Print out each record below, unaltered and complete, without its images.

--- DATA PROVIDED Enclosed Below ---

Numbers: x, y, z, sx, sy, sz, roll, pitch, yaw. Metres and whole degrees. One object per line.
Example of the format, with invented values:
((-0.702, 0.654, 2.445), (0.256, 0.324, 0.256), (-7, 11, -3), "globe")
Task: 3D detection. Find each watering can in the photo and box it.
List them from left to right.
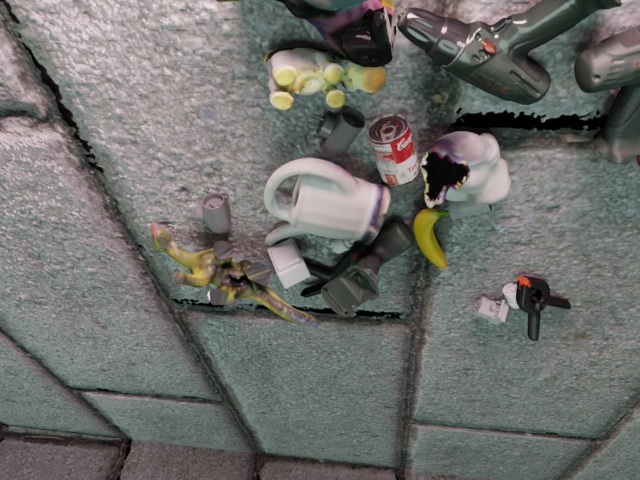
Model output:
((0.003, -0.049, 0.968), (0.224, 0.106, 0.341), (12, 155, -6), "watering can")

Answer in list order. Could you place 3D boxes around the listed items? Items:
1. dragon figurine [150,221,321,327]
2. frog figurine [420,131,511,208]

--- End of Enclosed DATA PROVIDED ---

> _EXERCISE RESPONSE_:
Numbers: x, y, z, sx, sy, sz, roll, pitch, yaw. Metres and whole degrees. One object per line.
Example of the format, with invented values:
((-0.702, 0.654, 2.445), (0.256, 0.324, 0.256), (-7, 11, -3), "globe")
Task: 3D detection. Find each watering can in the photo and box it.
List them from left to right.
Model output:
((0.003, -0.049, 0.968), (0.224, 0.106, 0.341), (12, 155, -6), "watering can")

Answer in list order. Could you place 3D boxes around the listed items? Items:
1. dragon figurine [150,221,321,327]
2. frog figurine [420,131,511,208]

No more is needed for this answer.